#### [Your task]
When you reach the line containing "Given: Point to" in the entries below, start writing out each line exactly, and stop after the line containing "The image size is (924, 1307).".

#### [Data under study]

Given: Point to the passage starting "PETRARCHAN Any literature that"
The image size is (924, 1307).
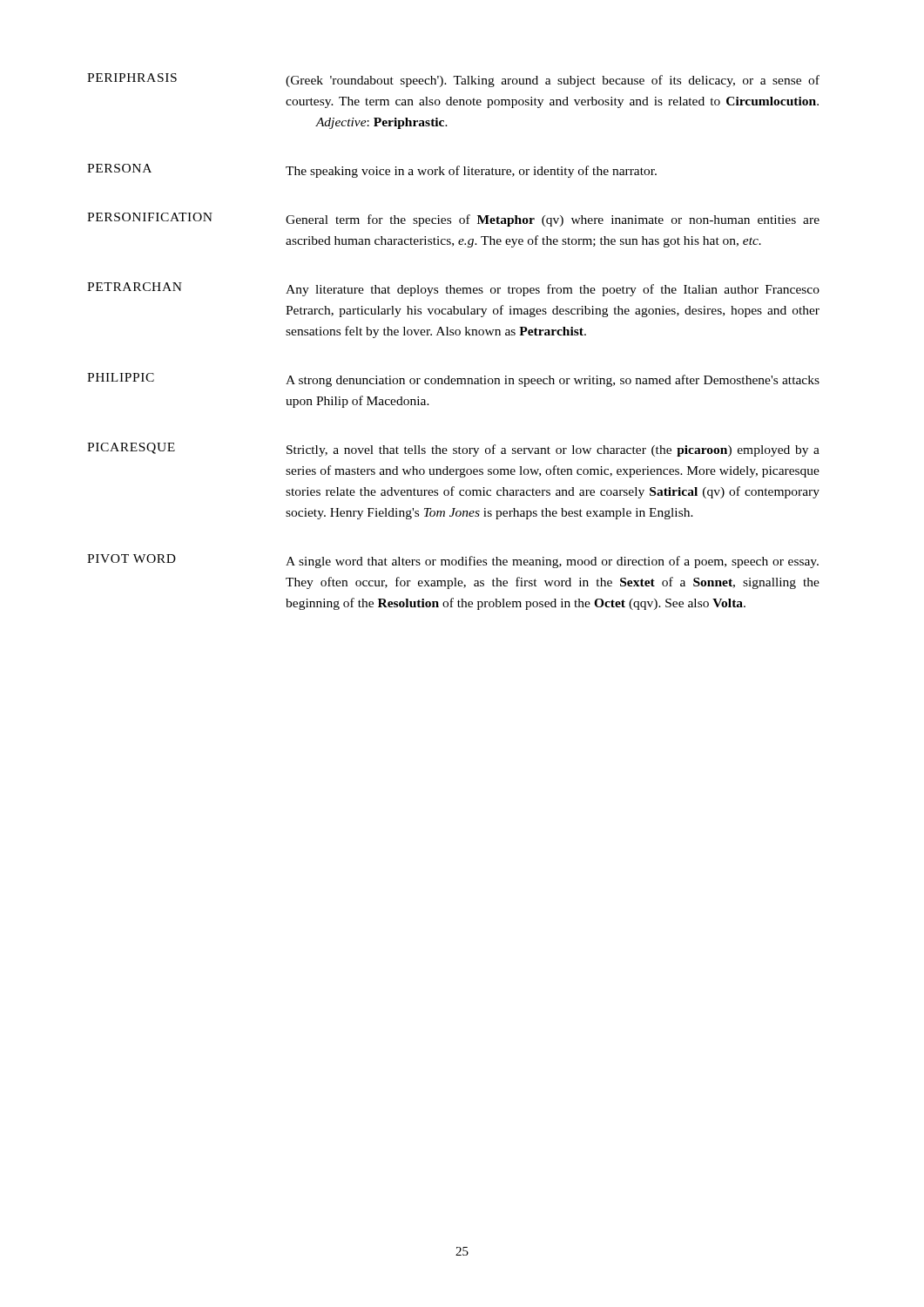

---

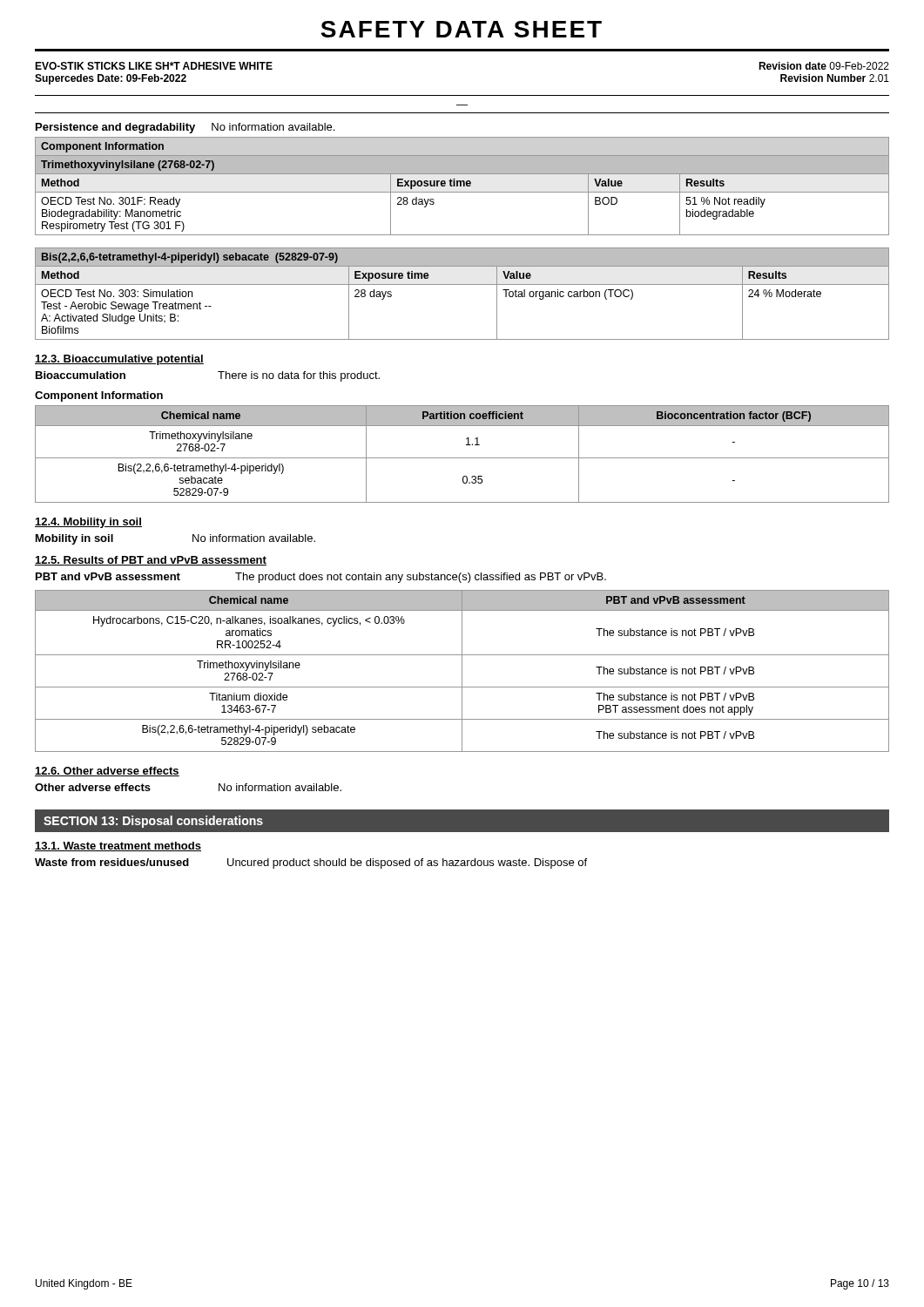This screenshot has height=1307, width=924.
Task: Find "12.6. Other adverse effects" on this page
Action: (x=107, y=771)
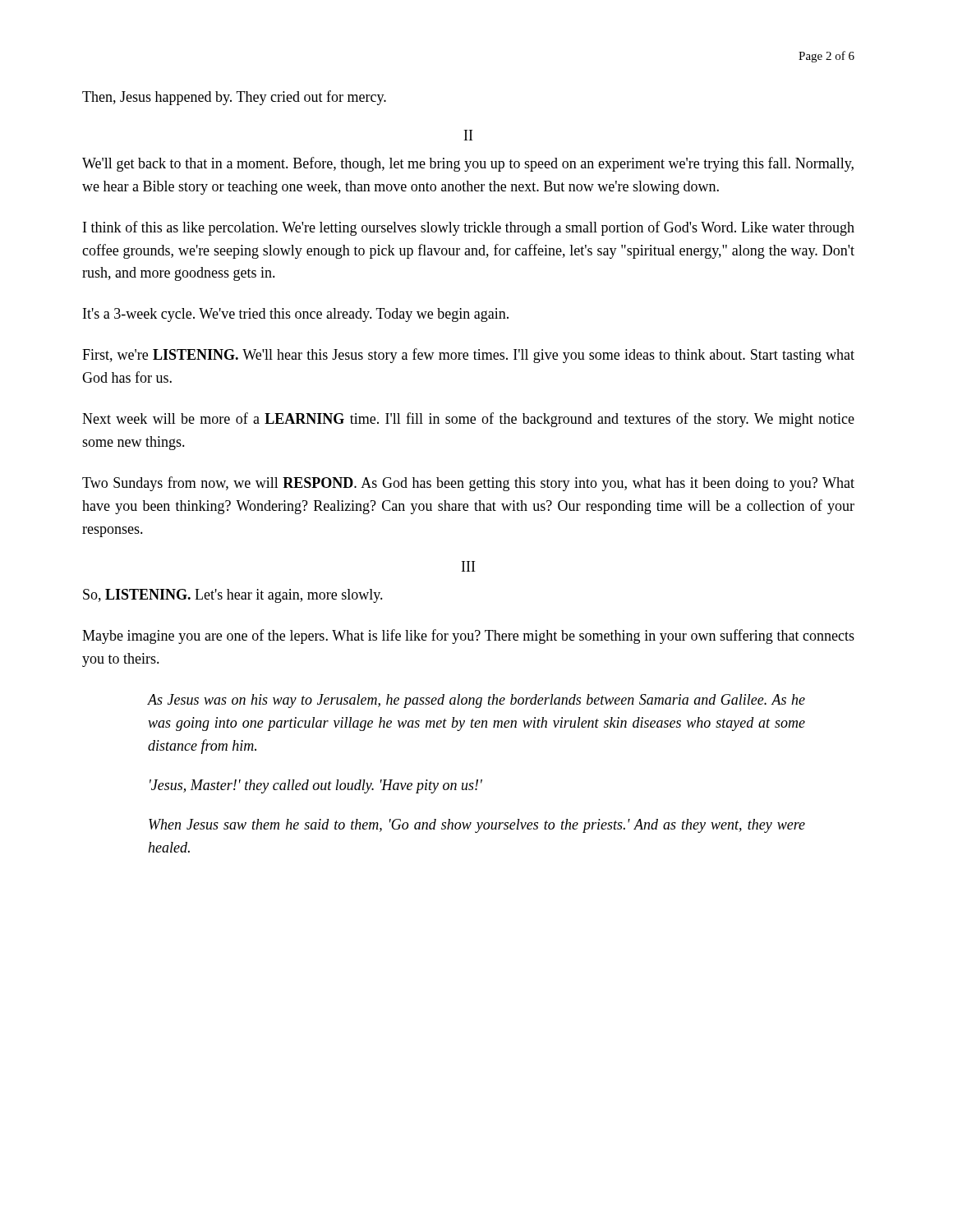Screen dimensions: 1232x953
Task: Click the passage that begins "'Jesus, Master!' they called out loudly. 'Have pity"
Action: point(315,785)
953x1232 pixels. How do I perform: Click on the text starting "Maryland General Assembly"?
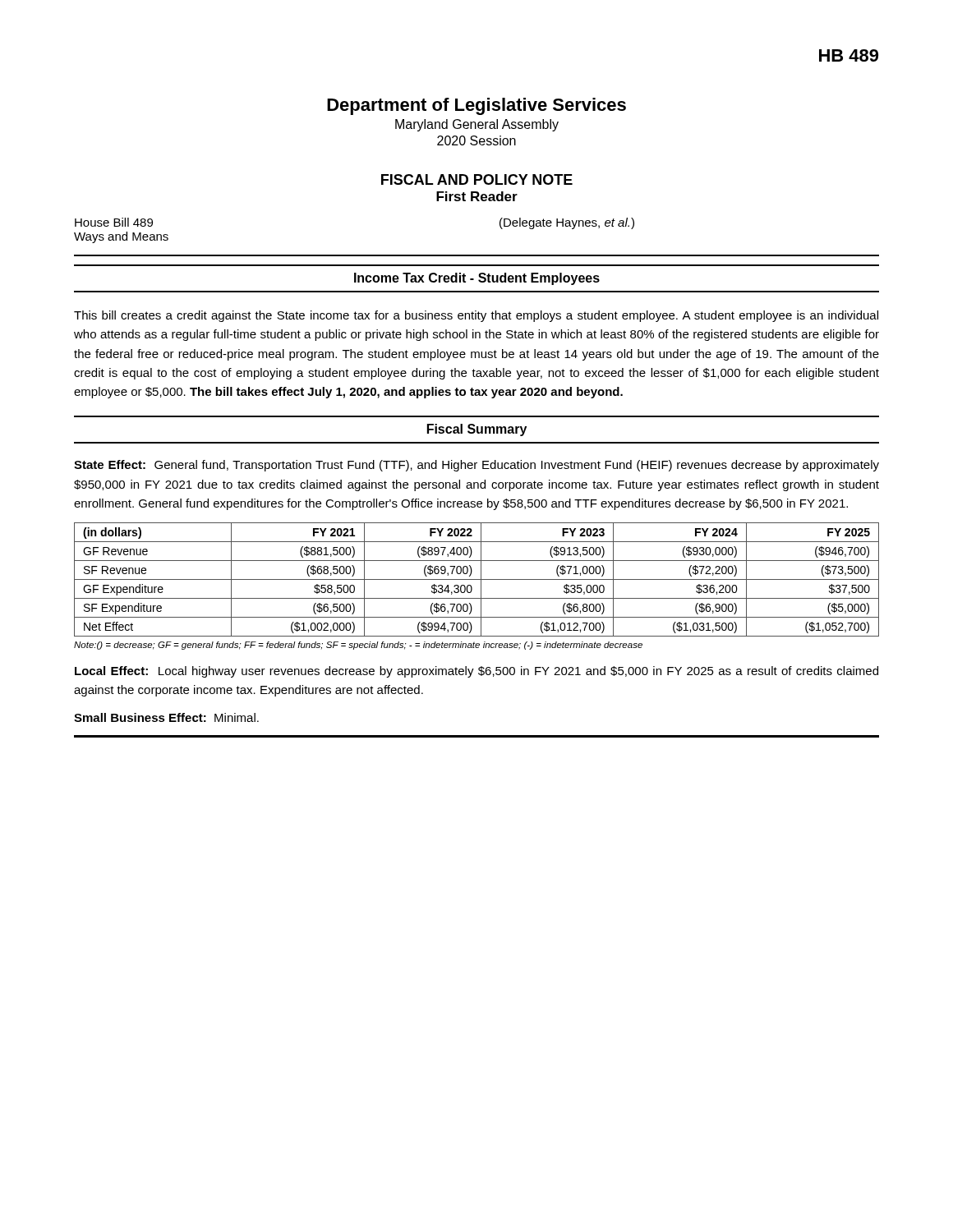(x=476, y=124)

#### [Solution to this problem]
Given: Point to the passage starting "PETRARCHAN Any literature that"
The image size is (924, 1307).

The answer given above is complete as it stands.